L'incertitude domine avant l'attribution mercredi du Goncourt, le plus prestigieux des prix littéraires français, où les deux favoris sont David Foenkinos avec Charlotte, un best-seller plébiscité par la critique, et l'Algérien Kamel Daoud, auteur de Meursault contre-enquête.

Le bal des prix littéraires français, un marathon unique au monde, s'était déjà ouvert le 30 octobre avec le prix de l'Académie française décerné à Adrien Bosc pour Constellation, suivi cette semaine par le Femina et le Médicis qui couronnent chacun un roman français, un étranger et un essai.

Mais le Goncourt, consécration pour un auteur et gage d'envolée des ventes, reste le plus convoité de tous.

Deux femmes et deux hommes restent en lice: Pauline Dreyfus, Lydie Salvayre, Kamel Daoud et David Foenkinos.

«Aucune idée sur ce qui va se passer» lors du vote, confie à l'AFP l'un des dix jurés.

Néanmoins, vingt critiques littéraires interrogés par le magazine spécialisé Livres Hebdo donnent David Foenkinos gagnant, avec Charlotte.

L'auteur de La délicatesse (2010) rend dans ce long chant en vers libres un vibrant hommage à la jeune artiste Charlotte Salomon, assassinée à Auschwitz en 1943, avec une ferveur touchante et un bel effort d'écriture.

Camus revisité avec virtuosité

Face à ce «goncourable» de 40 ans à l'allure juvénile, les mêmes critiques soulignent la «réussite exceptionnelle» de Meursault, contre-enquête, premier roman virtuose de l'Algérien Kamel Daoud, 44 ans.

L'auteur, chroniqueur au Quotidien d'Oran, y donne la parole au frère de «l'Arabe» anonyme tué par Meursault dans L'étranger d'Albert Camus (1942), avec en contrepoint, l'histoire passée et présente de l'Algérie.

S'il couronnait ce roman exigeant, paru d'abord en Algérie, le jury jouerait une autre partie: la révélation d'un écrivain.

Les Goncourt pourraient aussi choisir de sacrer une femme: Lydie Salvayre, avec Pas pleurer, sur la guerre civile espagnole, ou Pauline Dreyfus avec Ce sont des choses qui arrivent, qui se déroule pendant la Seconde Guerre mondiale, du côté des nantis.
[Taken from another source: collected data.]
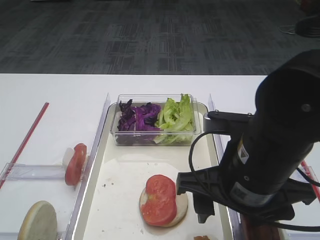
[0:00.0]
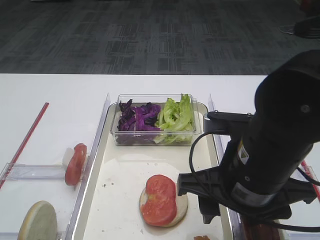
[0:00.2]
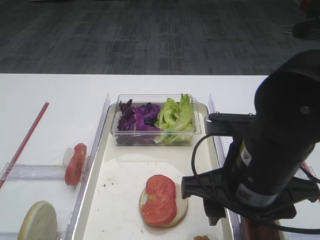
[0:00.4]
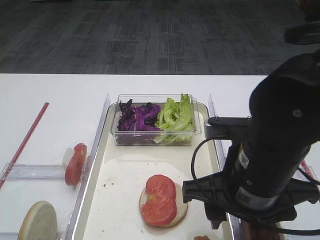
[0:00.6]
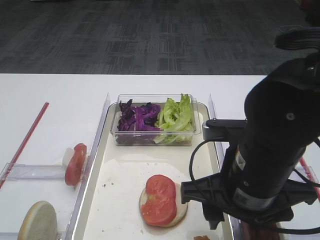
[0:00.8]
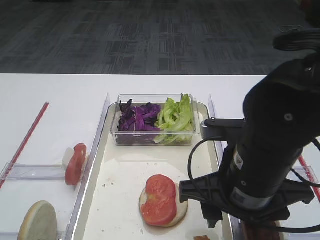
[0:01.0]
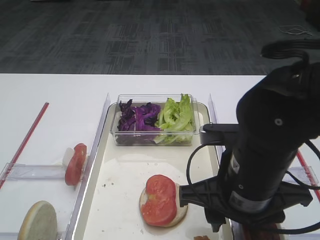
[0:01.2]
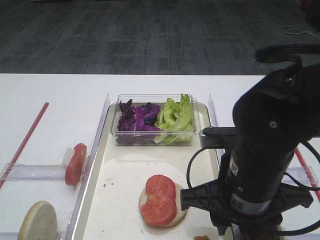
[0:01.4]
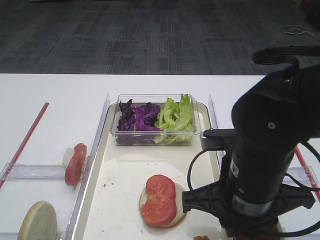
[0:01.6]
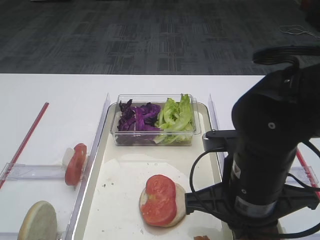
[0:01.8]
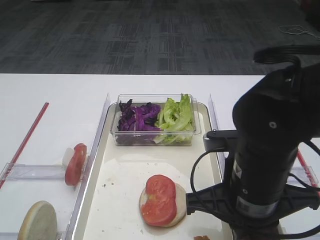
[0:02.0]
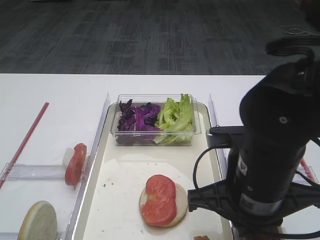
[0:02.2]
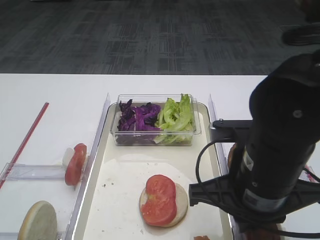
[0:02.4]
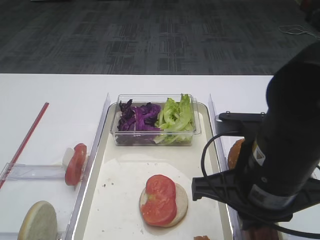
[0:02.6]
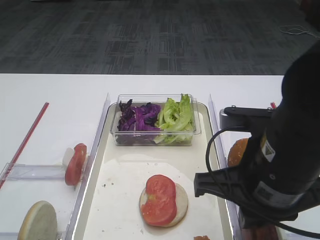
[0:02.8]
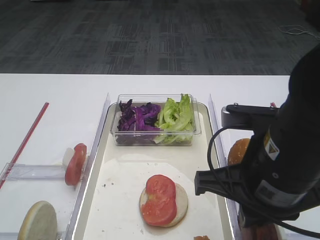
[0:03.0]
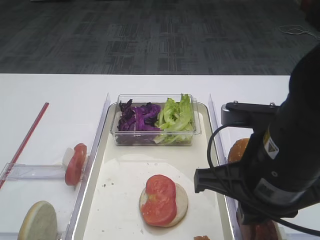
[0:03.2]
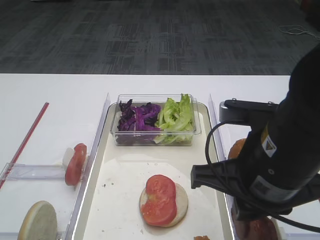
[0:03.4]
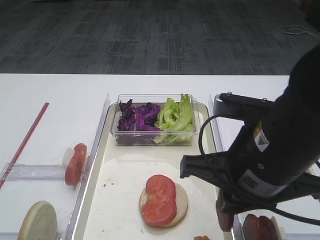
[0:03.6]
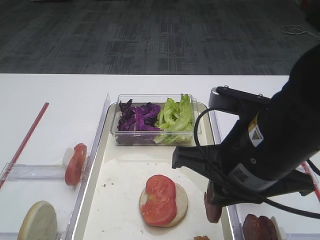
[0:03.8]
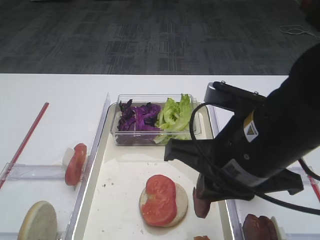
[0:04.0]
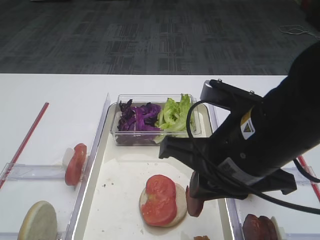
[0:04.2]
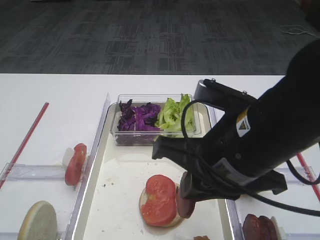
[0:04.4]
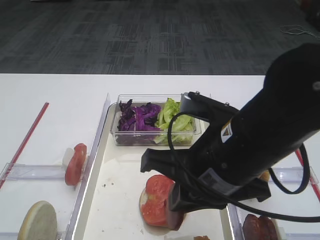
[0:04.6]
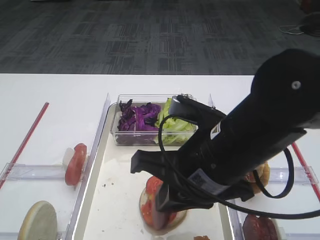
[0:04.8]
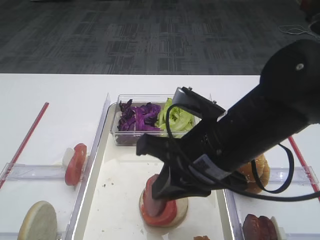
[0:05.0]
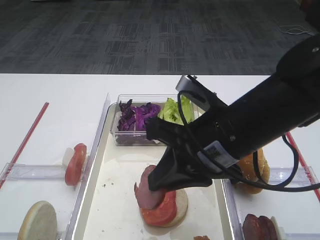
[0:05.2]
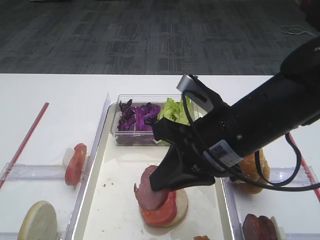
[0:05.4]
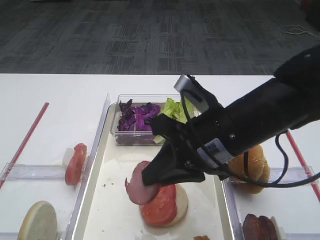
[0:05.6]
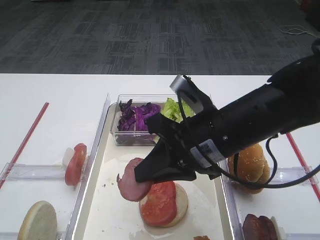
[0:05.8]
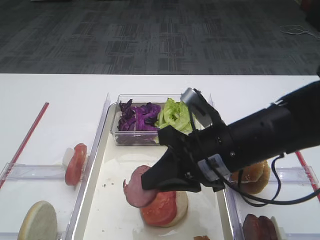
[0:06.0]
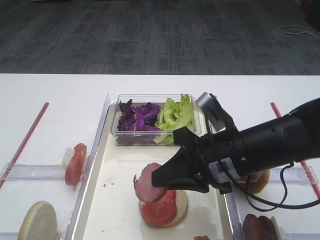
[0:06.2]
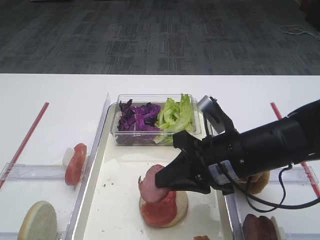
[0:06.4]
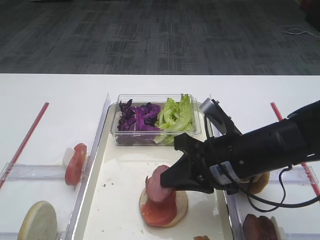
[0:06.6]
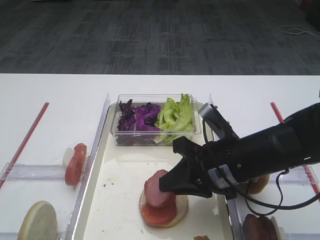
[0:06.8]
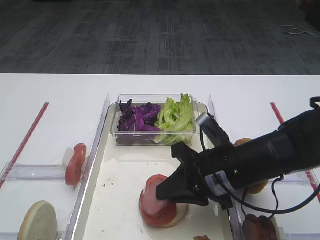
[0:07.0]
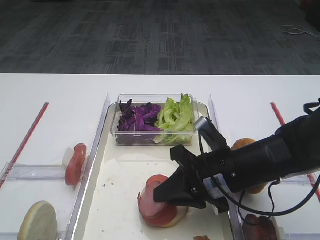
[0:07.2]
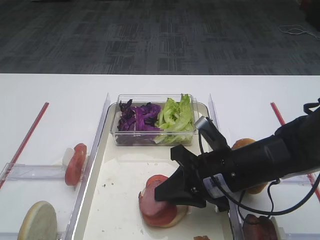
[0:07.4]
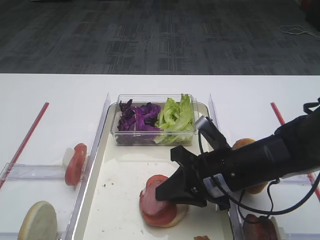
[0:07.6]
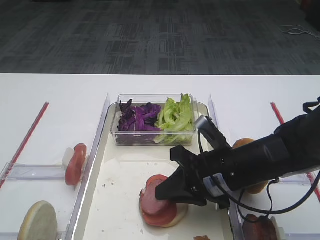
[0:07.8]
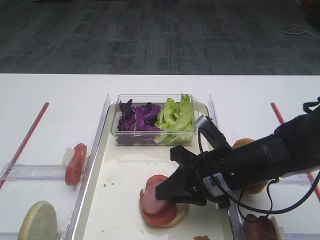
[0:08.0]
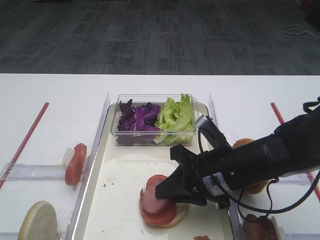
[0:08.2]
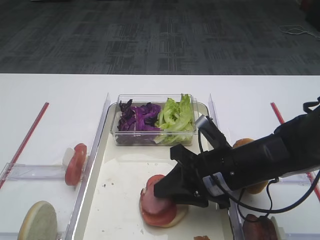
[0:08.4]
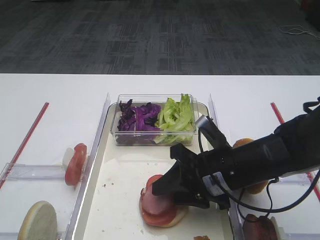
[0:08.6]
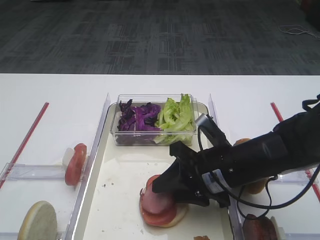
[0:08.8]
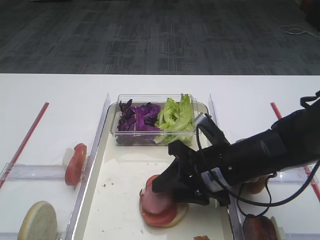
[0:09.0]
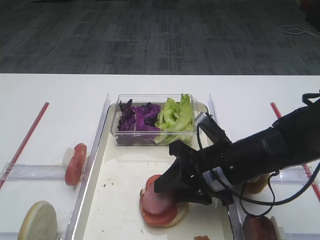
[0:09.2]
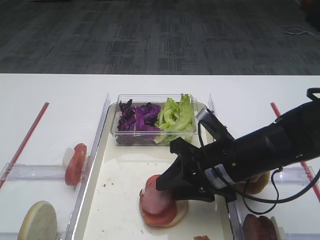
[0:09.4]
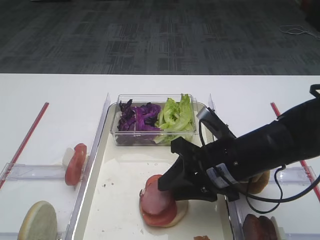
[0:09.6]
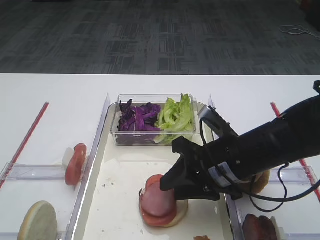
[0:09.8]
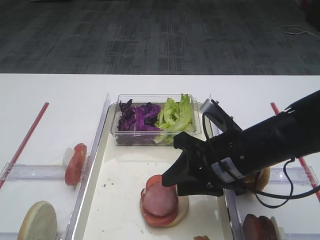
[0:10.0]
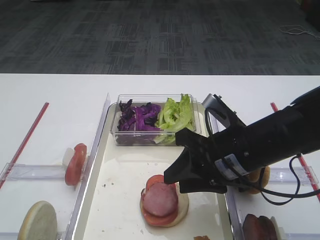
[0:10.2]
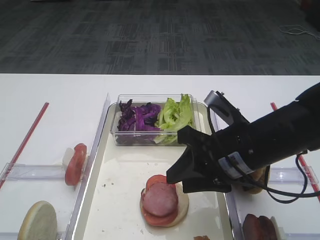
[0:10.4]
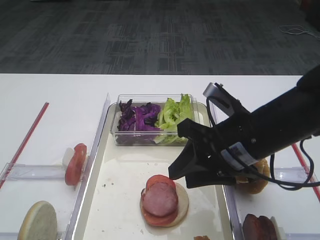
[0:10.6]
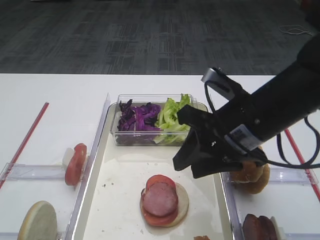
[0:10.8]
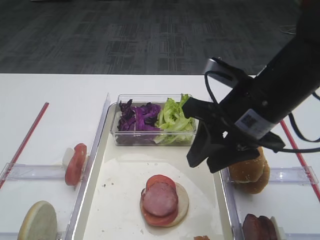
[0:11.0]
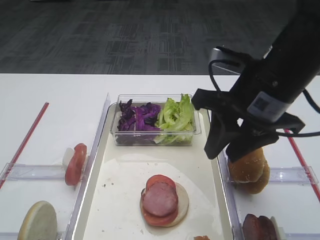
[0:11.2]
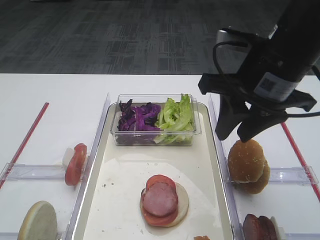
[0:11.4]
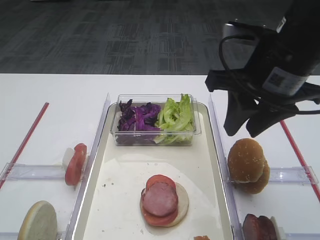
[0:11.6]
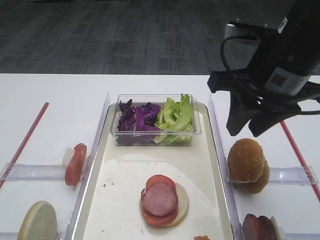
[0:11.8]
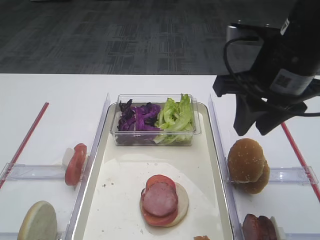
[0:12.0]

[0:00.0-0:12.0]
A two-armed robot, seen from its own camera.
Step, 0:00.0 to 0:03.2: Pick up the cutlet with the right gripper.
Step, 0:03.4 to 0:10.8: Place the cutlet on the tomato slice with the right gripper.
0:00.0 to 0:01.6: The right gripper closes.
0:01.6 to 0:03.0: The right gripper moves upward, some 5 cm.
0:04.4 to 0:06.0: The right gripper moves downward and forward, roughly 10 cm.
0:06.0 to 0:07.6: The right gripper moves downward, roughly 5 cm.
0:07.6 to 0:09.0: The right gripper opens.
0:09.0 to 0:10.4: The right gripper heads upward, covering some 5 cm.
0:10.4 to 0:12.0: The right gripper travels upward by some 10 cm.

La dernière femme lauréate du Goncourt a été Marie N'Diaye en 2009.

Si ce n'est pas le Goncourt, David Foenkinos pourrait décrocher le Renaudot, dont le lauréat sera également annoncé mercredi. Il est l'un des cinq finalistes de ce prix, dont le jury reste souvent imprévisible et adepte des «coups».

Fera-t-il ainsi le choix de l'ultra médiatique Amélie Nothomb, avec le picaresque Pétronille? La France, le champagne et l'amitié sont les héros de son 23e roman. Serge Joncour (L'écrivain national), Pierre-Yves Leprince (Les enquêtes de Monsieur Proust) et Jean-Jacques Moura (La musique des illusions), moins connus du grand public, sont aussi sur les rangs.

Les pronostics s'avèrent également difficiles pour le Médicis qui sera annoncé mardi et qui aligne huit romans français et sept étrangers, dont la Canadienne Margaret Atwood. Se distinguent parmi les français, Éric Reinhardt, avec l'émouvant L'amour et les forêts, écarté du Goncourt, ou Laurent Mauvignier avec Autour du monde, un saisissant roman choral.

Pour leur part, les dames du prix Femina, qui avaient à départager cinq romans français et cinq étrangers, ont choisi lundi l'Haïtienne Yanick Lahens (Bain de lune) et l'Israélienne Zeruya Shalev (Ce qui reste de nos vies).

Paradoxalement, le livre de l'écrivain Emmanuel Carrère, Le royaume, une fresque captivante sur les débuts de la chrétienté, pourtant très remarqué par la critique et en tête des ventes, ne figure pas dans la sélection du Goncourt ni dans celle des autres prix littéraires.